(Collection entries)
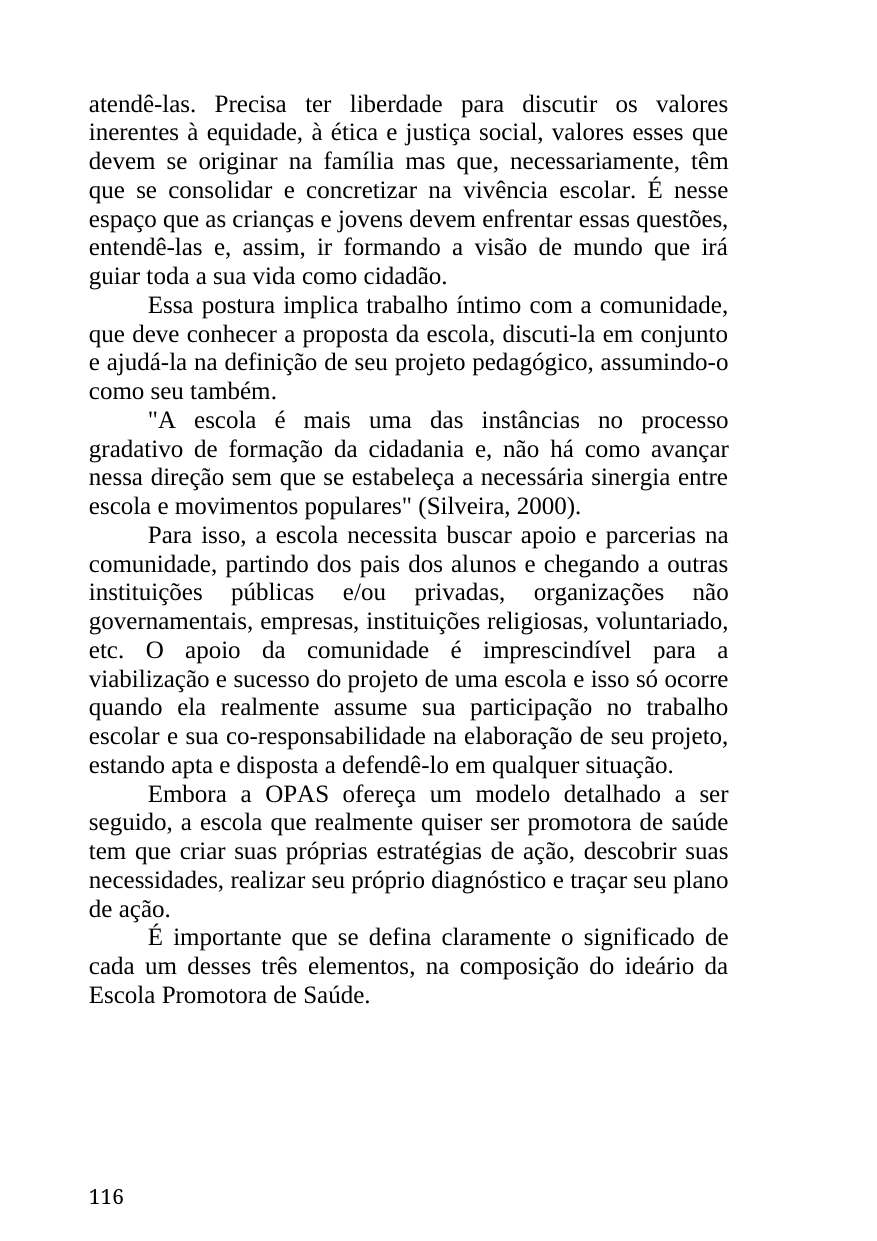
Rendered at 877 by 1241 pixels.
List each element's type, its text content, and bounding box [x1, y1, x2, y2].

text Embora a OPAS ofereça um modelo detalhado a ser seguido, a escola que realmente quiser ser promotora de saúde tem que criar suas próprias estratégias de ação, descobrir suas necessidades, realizar seu próprio diagnóstico e traçar seu plano de ação. [89, 779, 729, 922]
text "A escola é mais uma das instâncias no processo gradativo de formação da cidadania e, não há como avançar nessa direção sem que se estabeleça a necessária sinergia entre escola e movimentos populares" (Silveira, 2000). [89, 405, 729, 520]
text Essa postura implica trabalho íntimo com a comunidade, que deve conhecer a proposta da escola, discuti-la em conjunto e ajudá-la na definição de seu projeto pedagógico, assumindo-o como seu também. [89, 290, 729, 405]
text atendê-las. Precisa ter liberdade para discutir os valores inerentes à equidade, à ética e justiça social, valores esses que devem se originar na família mas que, necessariamente, têm que se consolidar e concretizar na vivência escolar. É nesse espaço que as crianças e jovens devem enfrentar essas questões, entendê-las e, assim, ir formando a visão de mundo que irá guiar toda a sua vida como cidadão. [89, 89, 729, 290]
text É importante que se defina claramente o significado de cada um desses três elementos, na composição do ideário da Escola Promotora de Saúde. [89, 922, 729, 1009]
text Para isso, a escola necessita buscar apoio e parcerias na comunidade, partindo dos pais dos alunos e chegando a outras instituições públicas e/ou privadas, organizações não governamentais, empresas, instituições religiosas, voluntariado, etc. O apoio da comunidade é imprescindível para a viabilização e sucesso do projeto de uma escola e isso só ocorre quando ela realmente assume sua participação no trabalho escolar e sua co-responsabilidade na elaboração de seu projeto, estando apta e disposta a defendê-lo em qualquer situação. [89, 520, 729, 779]

Task goal:
All records above should be duplicated exactly, with the pictures omitted.

Answer for this exercise:
Rendered at 877 by 1241 pixels.
List each element's type, its text content, and bounding box [x1, y1, x2, y2].

text Embora a OPAS ofereça um modelo detalhado a ser seguido, a escola que realmente quiser ser promotora de saúde tem que criar suas próprias estratégias de ação, descobrir suas necessidades, realizar seu próprio diagnóstico e traçar seu plano de ação. [89, 779, 729, 922]
text "A escola é mais uma das instâncias no processo gradativo de formação da cidadania e, não há como avançar nessa direção sem que se estabeleça a necessária sinergia entre escola e movimentos populares" (Silveira, 2000). [89, 405, 729, 520]
text Essa postura implica trabalho íntimo com a comunidade, que deve conhecer a proposta da escola, discuti-la em conjunto e ajudá-la na definição de seu projeto pedagógico, assumindo-o como seu também. [89, 290, 729, 405]
text atendê-las. Precisa ter liberdade para discutir os valores inerentes à equidade, à ética e justiça social, valores esses que devem se originar na família mas que, necessariamente, têm que se consolidar e concretizar na vivência escolar. É nesse espaço que as crianças e jovens devem enfrentar essas questões, entendê-las e, assim, ir formando a visão de mundo que irá guiar toda a sua vida como cidadão. [89, 89, 729, 290]
text É importante que se defina claramente o significado de cada um desses três elementos, na composição do ideário da Escola Promotora de Saúde. [89, 922, 729, 1009]
text Para isso, a escola necessita buscar apoio e parcerias na comunidade, partindo dos pais dos alunos e chegando a outras instituições públicas e/ou privadas, organizações não governamentais, empresas, instituições religiosas, voluntariado, etc. O apoio da comunidade é imprescindível para a viabilização e sucesso do projeto de uma escola e isso só ocorre quando ela realmente assume sua participação no trabalho escolar e sua co-responsabilidade na elaboração de seu projeto, estando apta e disposta a defendê-lo em qualquer situação. [89, 520, 729, 779]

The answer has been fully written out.